[Records excerpted from a collection]

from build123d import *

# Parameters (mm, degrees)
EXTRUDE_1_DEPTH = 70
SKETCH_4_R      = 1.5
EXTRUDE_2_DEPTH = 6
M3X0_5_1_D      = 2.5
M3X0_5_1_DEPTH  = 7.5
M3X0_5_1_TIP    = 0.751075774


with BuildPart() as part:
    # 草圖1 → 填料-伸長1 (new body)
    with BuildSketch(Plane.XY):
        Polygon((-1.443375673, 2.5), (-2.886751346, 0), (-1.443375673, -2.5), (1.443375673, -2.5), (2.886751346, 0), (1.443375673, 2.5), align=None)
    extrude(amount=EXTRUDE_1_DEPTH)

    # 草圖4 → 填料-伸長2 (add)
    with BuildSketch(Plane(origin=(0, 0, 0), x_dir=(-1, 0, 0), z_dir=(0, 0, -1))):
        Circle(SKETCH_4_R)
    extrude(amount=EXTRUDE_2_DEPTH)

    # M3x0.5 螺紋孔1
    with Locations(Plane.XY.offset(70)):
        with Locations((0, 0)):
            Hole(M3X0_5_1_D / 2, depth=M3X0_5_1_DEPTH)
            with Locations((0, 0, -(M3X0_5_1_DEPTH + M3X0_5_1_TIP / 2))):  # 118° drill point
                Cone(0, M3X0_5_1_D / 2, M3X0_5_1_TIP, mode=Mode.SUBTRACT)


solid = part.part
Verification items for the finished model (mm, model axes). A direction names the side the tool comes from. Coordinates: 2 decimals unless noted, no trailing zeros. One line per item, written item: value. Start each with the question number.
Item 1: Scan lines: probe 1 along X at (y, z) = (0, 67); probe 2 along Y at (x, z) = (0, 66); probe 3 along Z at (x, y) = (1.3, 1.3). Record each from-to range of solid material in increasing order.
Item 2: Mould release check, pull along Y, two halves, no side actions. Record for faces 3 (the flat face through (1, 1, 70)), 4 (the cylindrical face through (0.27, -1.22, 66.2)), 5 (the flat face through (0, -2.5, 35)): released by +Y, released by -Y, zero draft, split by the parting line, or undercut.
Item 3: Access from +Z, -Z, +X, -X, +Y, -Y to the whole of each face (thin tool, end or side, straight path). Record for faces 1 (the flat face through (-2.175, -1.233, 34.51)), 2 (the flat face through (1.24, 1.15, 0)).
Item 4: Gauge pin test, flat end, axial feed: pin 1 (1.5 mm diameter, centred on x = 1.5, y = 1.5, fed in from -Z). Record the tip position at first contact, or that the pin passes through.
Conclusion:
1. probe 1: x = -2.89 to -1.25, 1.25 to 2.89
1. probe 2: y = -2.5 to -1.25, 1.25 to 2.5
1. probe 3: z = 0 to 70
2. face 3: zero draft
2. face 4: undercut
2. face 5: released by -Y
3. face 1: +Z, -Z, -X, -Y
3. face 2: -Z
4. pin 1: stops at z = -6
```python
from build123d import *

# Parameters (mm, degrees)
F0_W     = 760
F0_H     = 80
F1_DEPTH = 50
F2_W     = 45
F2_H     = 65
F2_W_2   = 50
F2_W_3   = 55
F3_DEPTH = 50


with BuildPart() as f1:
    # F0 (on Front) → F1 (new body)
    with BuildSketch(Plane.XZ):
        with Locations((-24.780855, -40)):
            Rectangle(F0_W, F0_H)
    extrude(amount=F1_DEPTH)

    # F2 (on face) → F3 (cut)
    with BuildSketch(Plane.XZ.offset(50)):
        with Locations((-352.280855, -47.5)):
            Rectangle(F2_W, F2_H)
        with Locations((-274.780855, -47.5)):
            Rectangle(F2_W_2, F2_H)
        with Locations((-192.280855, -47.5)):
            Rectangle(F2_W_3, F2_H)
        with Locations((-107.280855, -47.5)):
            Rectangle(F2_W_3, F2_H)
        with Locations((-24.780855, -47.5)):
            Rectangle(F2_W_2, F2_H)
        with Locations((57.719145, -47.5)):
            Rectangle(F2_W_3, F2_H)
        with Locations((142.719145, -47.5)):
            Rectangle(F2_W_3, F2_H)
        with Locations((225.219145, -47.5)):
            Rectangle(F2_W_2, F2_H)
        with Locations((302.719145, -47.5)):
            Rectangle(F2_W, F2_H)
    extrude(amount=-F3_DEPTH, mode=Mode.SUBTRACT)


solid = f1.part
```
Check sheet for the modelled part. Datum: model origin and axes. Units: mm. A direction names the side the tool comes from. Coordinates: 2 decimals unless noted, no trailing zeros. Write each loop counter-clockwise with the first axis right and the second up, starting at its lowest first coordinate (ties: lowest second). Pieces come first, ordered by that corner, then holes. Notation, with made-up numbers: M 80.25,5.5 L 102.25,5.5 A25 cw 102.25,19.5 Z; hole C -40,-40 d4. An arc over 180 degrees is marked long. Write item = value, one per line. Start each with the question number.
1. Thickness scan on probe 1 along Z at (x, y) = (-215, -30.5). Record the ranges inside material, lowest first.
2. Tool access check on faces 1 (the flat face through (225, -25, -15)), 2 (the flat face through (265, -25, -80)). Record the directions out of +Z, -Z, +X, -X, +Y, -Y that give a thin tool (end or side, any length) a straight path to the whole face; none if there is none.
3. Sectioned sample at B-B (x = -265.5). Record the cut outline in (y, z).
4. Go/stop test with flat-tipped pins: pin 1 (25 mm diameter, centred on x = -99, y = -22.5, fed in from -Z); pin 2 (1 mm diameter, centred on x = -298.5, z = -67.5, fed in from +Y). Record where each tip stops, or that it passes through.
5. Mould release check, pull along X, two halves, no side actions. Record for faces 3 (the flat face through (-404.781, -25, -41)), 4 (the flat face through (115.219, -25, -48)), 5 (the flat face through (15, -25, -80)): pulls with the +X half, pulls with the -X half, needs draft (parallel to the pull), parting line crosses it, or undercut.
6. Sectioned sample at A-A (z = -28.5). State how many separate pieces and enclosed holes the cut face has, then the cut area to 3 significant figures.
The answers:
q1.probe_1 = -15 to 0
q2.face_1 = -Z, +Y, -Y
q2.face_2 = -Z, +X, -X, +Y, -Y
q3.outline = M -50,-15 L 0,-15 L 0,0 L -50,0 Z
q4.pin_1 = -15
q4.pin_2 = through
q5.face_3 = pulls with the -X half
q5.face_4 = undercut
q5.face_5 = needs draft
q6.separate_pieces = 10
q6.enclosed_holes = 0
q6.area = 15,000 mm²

* * *

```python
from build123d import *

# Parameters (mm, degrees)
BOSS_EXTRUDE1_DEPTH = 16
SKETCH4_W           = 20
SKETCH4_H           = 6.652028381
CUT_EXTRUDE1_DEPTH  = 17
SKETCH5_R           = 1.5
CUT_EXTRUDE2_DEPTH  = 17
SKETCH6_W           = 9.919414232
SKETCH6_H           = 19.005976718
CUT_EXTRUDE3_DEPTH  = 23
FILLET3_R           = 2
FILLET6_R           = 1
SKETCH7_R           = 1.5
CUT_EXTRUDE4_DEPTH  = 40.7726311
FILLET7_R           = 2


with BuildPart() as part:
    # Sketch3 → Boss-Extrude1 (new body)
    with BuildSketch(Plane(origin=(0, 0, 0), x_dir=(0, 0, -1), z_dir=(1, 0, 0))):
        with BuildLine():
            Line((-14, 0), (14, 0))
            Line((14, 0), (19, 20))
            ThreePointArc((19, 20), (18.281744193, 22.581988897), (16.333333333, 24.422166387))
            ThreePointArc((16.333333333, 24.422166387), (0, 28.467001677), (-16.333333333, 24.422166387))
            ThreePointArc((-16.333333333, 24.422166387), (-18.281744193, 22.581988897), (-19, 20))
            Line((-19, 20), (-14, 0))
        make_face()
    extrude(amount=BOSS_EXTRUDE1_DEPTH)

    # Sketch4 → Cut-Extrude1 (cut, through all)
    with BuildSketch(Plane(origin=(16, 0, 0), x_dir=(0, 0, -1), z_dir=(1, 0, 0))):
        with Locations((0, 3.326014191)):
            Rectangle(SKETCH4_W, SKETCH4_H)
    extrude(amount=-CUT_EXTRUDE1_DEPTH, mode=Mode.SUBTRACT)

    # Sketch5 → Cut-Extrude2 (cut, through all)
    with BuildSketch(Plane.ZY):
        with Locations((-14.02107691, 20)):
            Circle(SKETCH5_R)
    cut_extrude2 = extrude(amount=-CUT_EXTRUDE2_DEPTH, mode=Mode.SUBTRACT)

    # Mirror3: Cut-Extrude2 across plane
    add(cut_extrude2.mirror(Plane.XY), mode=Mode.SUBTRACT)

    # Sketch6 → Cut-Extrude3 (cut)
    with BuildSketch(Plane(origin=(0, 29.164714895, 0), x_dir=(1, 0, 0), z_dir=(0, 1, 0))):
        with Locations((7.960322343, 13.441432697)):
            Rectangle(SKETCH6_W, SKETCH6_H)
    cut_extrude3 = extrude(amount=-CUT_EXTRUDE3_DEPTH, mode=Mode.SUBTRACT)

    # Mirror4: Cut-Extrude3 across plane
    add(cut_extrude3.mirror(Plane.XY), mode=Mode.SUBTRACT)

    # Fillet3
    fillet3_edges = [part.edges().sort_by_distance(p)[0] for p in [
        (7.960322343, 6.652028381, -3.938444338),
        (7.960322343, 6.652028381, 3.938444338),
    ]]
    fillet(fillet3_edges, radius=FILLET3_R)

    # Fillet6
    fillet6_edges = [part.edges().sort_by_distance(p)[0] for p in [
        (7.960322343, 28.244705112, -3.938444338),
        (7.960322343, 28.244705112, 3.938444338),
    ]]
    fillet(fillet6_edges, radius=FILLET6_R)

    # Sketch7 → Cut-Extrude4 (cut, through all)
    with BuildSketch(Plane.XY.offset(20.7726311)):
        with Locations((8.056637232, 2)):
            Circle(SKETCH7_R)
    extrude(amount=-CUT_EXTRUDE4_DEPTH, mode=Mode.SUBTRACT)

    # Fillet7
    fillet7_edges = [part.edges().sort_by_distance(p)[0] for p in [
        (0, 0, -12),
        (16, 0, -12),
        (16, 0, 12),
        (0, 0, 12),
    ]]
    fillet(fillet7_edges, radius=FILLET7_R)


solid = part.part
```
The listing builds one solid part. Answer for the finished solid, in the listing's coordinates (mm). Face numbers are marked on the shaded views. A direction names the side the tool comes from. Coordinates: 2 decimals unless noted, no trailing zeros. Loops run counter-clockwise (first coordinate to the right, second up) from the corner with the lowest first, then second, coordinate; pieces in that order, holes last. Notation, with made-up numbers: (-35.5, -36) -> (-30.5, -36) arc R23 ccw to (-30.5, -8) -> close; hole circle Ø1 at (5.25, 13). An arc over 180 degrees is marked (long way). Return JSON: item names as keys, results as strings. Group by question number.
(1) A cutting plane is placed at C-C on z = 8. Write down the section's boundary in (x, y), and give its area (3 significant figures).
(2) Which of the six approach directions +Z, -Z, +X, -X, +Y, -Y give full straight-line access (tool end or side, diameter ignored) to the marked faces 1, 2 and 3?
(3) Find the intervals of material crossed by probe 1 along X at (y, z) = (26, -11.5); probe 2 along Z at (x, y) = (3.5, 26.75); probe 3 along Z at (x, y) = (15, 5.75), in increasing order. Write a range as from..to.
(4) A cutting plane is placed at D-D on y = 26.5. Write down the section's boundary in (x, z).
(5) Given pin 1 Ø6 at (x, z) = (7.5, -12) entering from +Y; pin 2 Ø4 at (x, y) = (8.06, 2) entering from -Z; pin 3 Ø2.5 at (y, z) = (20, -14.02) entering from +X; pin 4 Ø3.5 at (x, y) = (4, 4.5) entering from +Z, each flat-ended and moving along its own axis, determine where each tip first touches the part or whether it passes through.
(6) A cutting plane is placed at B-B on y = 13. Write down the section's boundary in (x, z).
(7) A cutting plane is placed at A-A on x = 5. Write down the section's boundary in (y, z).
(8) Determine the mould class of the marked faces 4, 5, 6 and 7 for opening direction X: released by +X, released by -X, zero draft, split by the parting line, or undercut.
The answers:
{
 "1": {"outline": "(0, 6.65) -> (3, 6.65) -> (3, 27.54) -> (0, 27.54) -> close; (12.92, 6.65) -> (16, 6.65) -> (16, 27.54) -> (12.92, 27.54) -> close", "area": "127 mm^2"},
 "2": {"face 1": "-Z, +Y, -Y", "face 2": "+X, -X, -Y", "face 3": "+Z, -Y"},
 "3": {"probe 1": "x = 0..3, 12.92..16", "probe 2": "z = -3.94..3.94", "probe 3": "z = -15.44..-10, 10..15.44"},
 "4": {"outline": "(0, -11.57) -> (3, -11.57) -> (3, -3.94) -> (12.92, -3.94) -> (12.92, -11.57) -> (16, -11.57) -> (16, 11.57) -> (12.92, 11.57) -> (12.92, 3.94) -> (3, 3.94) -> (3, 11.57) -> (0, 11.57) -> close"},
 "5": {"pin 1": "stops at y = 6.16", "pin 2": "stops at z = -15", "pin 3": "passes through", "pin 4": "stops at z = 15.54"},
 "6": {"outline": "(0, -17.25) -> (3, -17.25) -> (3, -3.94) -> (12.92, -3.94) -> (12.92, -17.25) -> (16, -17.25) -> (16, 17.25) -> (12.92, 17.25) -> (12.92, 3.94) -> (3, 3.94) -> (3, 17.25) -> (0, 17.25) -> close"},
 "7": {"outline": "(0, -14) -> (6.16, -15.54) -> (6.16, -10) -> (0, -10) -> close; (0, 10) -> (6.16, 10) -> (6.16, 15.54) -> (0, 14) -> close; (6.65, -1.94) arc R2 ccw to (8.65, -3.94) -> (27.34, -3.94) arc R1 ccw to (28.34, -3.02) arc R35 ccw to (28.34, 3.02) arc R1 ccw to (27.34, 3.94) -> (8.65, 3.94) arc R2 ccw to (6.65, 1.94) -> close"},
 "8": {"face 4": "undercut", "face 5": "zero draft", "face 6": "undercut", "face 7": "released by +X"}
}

==

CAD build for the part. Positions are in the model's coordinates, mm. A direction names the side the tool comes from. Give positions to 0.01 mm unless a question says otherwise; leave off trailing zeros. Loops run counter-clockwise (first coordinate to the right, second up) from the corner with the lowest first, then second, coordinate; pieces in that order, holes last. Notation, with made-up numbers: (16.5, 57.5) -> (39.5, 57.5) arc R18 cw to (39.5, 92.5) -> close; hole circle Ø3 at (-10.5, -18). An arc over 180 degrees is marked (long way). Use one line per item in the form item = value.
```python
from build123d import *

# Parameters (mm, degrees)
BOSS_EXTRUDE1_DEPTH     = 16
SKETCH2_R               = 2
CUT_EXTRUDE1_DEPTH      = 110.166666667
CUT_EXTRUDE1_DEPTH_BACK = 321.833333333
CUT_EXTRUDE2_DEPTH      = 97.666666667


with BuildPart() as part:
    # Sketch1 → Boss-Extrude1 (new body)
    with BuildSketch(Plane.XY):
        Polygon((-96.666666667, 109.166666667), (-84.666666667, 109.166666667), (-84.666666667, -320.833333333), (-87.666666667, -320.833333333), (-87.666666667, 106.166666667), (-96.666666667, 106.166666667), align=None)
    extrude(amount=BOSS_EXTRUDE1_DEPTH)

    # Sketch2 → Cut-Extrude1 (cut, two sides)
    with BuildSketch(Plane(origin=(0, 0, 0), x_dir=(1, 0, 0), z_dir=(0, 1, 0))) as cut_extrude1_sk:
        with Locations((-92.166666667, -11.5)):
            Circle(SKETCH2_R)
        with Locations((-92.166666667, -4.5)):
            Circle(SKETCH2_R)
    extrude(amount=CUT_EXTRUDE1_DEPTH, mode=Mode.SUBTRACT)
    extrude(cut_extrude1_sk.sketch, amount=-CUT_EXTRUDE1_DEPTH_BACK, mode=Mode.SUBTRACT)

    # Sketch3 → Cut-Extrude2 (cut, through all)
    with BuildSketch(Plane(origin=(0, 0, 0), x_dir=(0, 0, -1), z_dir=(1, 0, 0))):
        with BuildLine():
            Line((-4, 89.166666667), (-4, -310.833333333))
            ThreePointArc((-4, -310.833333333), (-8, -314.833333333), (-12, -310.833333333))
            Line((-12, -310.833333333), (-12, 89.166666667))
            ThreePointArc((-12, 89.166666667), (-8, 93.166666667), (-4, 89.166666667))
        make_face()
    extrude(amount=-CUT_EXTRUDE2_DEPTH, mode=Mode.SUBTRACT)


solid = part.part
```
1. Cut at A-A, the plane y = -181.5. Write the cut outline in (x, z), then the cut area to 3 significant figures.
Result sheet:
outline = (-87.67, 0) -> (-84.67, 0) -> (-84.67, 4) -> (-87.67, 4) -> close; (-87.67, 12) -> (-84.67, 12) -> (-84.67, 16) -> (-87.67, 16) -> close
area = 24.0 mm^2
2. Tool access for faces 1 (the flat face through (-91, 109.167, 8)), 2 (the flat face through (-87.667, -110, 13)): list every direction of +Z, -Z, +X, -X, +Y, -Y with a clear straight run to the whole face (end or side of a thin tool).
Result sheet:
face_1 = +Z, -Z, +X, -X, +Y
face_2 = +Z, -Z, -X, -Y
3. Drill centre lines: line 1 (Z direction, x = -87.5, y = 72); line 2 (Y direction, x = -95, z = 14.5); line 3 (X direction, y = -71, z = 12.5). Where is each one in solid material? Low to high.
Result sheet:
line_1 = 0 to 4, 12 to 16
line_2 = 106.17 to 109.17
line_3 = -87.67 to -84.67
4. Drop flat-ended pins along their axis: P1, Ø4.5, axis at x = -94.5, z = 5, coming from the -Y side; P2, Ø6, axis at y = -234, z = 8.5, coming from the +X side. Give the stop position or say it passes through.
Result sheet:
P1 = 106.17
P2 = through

TASK DETAILS: Sift through the entries and copy every line with "body".

SOLUTION:
    # 草圖1 → 填料-伸長1 (new body)
    # F0 (on Front) → F1 (new body)
    # Sketch3 → Boss-Extrude1 (new body)
    # Sketch1 → Boss-Extrude1 (new body)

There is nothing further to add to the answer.